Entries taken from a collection
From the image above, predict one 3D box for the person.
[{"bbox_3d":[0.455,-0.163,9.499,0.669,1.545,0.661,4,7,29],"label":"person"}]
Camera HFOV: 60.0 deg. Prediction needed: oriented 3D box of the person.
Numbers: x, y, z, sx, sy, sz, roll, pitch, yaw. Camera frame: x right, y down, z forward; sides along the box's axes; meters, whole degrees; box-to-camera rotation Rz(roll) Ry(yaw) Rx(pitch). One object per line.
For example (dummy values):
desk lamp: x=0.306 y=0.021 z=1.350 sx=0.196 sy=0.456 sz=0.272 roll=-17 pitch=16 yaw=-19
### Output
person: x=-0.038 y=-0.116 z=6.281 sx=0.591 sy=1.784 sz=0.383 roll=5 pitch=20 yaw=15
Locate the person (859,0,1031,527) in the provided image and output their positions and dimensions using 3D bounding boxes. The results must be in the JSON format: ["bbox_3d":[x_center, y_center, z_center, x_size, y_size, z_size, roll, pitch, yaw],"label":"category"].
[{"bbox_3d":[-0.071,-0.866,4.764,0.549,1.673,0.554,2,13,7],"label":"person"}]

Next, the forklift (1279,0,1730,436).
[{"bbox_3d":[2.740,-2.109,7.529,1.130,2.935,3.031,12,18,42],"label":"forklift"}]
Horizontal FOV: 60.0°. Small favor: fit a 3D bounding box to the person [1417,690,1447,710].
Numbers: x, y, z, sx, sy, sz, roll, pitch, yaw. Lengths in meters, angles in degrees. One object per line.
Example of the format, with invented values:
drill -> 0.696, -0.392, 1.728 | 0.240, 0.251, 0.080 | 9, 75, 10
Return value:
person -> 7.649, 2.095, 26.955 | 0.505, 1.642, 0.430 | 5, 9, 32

» TASK TO COMPLETE:
Please return every line of the records that contains the word "object".

» EXERCISE OUTPUT:
Numbers: x, y, z, sx, sy, sz, roll, pitch, yaw. Camera frame: x right, y down, z forward; sides along the box's axes; meters, whole degrees; box-to-camera rotation Rz(roll) Ry(yaw) Rx(pitch). One object per line.
Numbers: x, y, z, sx, sy, sz, roll, pitch, yaw. Lengths in meters, angles in degrees. One object per line.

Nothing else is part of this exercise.